**DATASET RECORDS**.
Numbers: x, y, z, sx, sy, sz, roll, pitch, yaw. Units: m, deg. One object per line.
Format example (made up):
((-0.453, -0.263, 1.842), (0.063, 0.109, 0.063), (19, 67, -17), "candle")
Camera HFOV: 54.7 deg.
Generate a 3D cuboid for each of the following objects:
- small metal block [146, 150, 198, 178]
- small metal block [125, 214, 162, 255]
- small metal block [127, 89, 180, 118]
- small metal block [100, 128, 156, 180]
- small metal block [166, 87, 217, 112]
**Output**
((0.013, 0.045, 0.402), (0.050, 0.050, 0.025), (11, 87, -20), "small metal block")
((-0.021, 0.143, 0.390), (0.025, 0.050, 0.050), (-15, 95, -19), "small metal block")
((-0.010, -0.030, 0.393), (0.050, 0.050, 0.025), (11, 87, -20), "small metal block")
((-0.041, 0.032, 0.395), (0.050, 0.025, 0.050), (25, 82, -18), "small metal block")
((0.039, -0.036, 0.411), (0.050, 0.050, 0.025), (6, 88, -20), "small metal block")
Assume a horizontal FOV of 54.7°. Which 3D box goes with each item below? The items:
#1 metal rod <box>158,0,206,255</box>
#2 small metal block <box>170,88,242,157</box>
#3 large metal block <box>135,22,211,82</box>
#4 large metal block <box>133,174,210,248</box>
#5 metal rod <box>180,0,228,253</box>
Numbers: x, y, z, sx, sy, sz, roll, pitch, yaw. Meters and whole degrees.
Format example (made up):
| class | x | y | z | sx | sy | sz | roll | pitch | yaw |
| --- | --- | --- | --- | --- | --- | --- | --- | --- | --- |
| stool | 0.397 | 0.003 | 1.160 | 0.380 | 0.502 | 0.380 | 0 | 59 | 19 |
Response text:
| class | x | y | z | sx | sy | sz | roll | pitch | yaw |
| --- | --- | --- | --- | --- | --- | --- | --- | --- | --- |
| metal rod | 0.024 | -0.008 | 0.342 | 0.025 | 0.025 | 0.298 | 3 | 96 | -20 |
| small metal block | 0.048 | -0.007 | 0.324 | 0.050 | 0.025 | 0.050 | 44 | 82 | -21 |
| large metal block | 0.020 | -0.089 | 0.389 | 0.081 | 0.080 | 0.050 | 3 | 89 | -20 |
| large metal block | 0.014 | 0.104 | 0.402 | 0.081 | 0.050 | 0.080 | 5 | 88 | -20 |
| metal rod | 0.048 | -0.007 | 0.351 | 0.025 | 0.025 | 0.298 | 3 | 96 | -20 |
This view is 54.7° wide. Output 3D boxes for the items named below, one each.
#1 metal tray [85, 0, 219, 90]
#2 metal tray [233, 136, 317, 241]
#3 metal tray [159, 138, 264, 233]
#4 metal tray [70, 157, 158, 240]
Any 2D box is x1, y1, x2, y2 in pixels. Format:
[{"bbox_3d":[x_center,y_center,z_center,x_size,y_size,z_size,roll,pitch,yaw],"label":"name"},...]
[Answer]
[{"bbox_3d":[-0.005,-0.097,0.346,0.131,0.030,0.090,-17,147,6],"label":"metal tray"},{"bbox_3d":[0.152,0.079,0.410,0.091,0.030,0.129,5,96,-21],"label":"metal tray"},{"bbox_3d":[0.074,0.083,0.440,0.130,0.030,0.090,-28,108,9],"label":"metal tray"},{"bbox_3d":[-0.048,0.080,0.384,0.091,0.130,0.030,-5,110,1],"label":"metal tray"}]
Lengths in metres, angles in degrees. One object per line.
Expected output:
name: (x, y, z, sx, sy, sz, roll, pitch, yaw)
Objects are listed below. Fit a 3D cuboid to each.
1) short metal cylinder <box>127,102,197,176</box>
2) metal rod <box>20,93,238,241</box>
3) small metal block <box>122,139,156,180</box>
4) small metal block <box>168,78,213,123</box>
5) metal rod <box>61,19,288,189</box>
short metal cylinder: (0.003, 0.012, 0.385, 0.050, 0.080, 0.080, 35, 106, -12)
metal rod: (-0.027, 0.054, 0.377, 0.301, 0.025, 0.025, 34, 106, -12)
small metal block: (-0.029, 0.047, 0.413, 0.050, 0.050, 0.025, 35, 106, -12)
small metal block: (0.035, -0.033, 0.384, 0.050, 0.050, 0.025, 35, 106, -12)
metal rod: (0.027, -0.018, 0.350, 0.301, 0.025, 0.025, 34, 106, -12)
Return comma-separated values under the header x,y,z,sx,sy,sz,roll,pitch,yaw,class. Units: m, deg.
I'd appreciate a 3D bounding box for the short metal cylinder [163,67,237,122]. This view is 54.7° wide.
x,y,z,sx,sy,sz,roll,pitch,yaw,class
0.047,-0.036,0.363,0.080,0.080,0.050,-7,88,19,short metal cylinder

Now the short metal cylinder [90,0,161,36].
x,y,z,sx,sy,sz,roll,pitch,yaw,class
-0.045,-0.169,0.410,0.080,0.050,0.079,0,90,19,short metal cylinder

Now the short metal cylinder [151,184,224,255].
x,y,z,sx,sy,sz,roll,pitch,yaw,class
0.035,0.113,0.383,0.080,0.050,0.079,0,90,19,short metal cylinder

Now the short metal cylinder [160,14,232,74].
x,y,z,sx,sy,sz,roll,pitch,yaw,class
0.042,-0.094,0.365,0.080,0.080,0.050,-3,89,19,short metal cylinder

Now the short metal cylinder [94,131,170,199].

**AIM OF THE EXERCISE**.
Return the whole listing above verbatim.

**SOLUTION TO THE PROBLEM**.
Numbers: x, y, z, sx, sy, sz, roll, pitch, yaw. Units: m, deg. One object per line.
Format example (made up):
((-0.453, -0.263, 1.842), (0.063, 0.109, 0.063), (19, 67, -17), "candle")
Camera HFOV: 54.7 deg.
Generate a 3D cuboid for each of the following objects:
- small metal block [146, 150, 198, 178]
- small metal block [125, 214, 162, 255]
- small metal block [127, 89, 180, 118]
- small metal block [100, 128, 156, 180]
- small metal block [166, 87, 217, 112]
**Output**
((0.013, 0.045, 0.402), (0.050, 0.050, 0.025), (11, 87, -20), "small metal block")
((-0.021, 0.143, 0.390), (0.025, 0.050, 0.050), (-15, 95, -19), "small metal block")
((-0.010, -0.030, 0.393), (0.050, 0.050, 0.025), (11, 87, -20), "small metal block")
((-0.041, 0.032, 0.395), (0.050, 0.025, 0.050), (25, 82, -18), "small metal block")
((0.039, -0.036, 0.411), (0.050, 0.050, 0.025), (6, 88, -20), "small metal block")
Assume a horizontal FOV of 54.7°. Which 3D box goes with each item below? The items:
#1 metal rod <box>158,0,206,255</box>
#2 small metal block <box>170,88,242,157</box>
#3 large metal block <box>135,22,211,82</box>
#4 large metal block <box>133,174,210,248</box>
#5 metal rod <box>180,0,228,253</box>
Numbers: x, y, z, sx, sy, sz, roll, pitch, yaw. Meters and whole degrees.
Format example (made up):
| class | x | y | z | sx | sy | sz | roll | pitch | yaw |
| --- | --- | --- | --- | --- | --- | --- | --- | --- | --- |
| stool | 0.397 | 0.003 | 1.160 | 0.380 | 0.502 | 0.380 | 0 | 59 | 19 |
Response text:
| class | x | y | z | sx | sy | sz | roll | pitch | yaw |
| --- | --- | --- | --- | --- | --- | --- | --- | --- | --- |
| metal rod | 0.024 | -0.008 | 0.342 | 0.025 | 0.025 | 0.298 | 3 | 96 | -20 |
| small metal block | 0.048 | -0.007 | 0.324 | 0.050 | 0.025 | 0.050 | 44 | 82 | -21 |
| large metal block | 0.020 | -0.089 | 0.389 | 0.081 | 0.080 | 0.050 | 3 | 89 | -20 |
| large metal block | 0.014 | 0.104 | 0.402 | 0.081 | 0.050 | 0.080 | 5 | 88 | -20 |
| metal rod | 0.048 | -0.007 | 0.351 | 0.025 | 0.025 | 0.298 | 3 | 96 | -20 |
This view is 54.7° wide. Output 3D boxes for the items named below, one each.
#1 metal tray [85, 0, 219, 90]
#2 metal tray [233, 136, 317, 241]
#3 metal tray [159, 138, 264, 233]
#4 metal tray [70, 157, 158, 240]
Any 2D box is x1, y1, x2, y2 in pixels. Format:
[{"bbox_3d":[x_center,y_center,z_center,x_size,y_size,z_size,roll,pitch,yaw],"label":"name"},...]
[Answer]
[{"bbox_3d":[-0.005,-0.097,0.346,0.131,0.030,0.090,-17,147,6],"label":"metal tray"},{"bbox_3d":[0.152,0.079,0.410,0.091,0.030,0.129,5,96,-21],"label":"metal tray"},{"bbox_3d":[0.074,0.083,0.440,0.130,0.030,0.090,-28,108,9],"label":"metal tray"},{"bbox_3d":[-0.048,0.080,0.384,0.091,0.130,0.030,-5,110,1],"label":"metal tray"}]
Lengths in metres, angles in degrees. One object per line.
Expected output:
name: (x, y, z, sx, sy, sz, roll, pitch, yaw)
Objects are listed below. Fit a 3D cuboid to each.
1) short metal cylinder <box>127,102,197,176</box>
2) metal rod <box>20,93,238,241</box>
3) small metal block <box>122,139,156,180</box>
4) small metal block <box>168,78,213,123</box>
5) metal rod <box>61,19,288,189</box>
short metal cylinder: (0.003, 0.012, 0.385, 0.050, 0.080, 0.080, 35, 106, -12)
metal rod: (-0.027, 0.054, 0.377, 0.301, 0.025, 0.025, 34, 106, -12)
small metal block: (-0.029, 0.047, 0.413, 0.050, 0.050, 0.025, 35, 106, -12)
small metal block: (0.035, -0.033, 0.384, 0.050, 0.050, 0.025, 35, 106, -12)
metal rod: (0.027, -0.018, 0.350, 0.301, 0.025, 0.025, 34, 106, -12)
Return comma-separated values under the header x,y,z,sx,sy,sz,roll,pitch,yaw,class. Units: m, deg.
I'd appreciate a 3D bounding box for the short metal cylinder [163,67,237,122]. This view is 54.7° wide.
x,y,z,sx,sy,sz,roll,pitch,yaw,class
0.047,-0.036,0.363,0.080,0.080,0.050,-7,88,19,short metal cylinder

Now the short metal cylinder [90,0,161,36].
x,y,z,sx,sy,sz,roll,pitch,yaw,class
-0.045,-0.169,0.410,0.080,0.050,0.079,0,90,19,short metal cylinder

Now the short metal cylinder [151,184,224,255].
x,y,z,sx,sy,sz,roll,pitch,yaw,class
0.035,0.113,0.383,0.080,0.050,0.079,0,90,19,short metal cylinder

Now the short metal cylinder [160,14,232,74].
x,y,z,sx,sy,sz,roll,pitch,yaw,class
0.042,-0.094,0.365,0.080,0.080,0.050,-3,89,19,short metal cylinder

Now the short metal cylinder [94,131,170,199].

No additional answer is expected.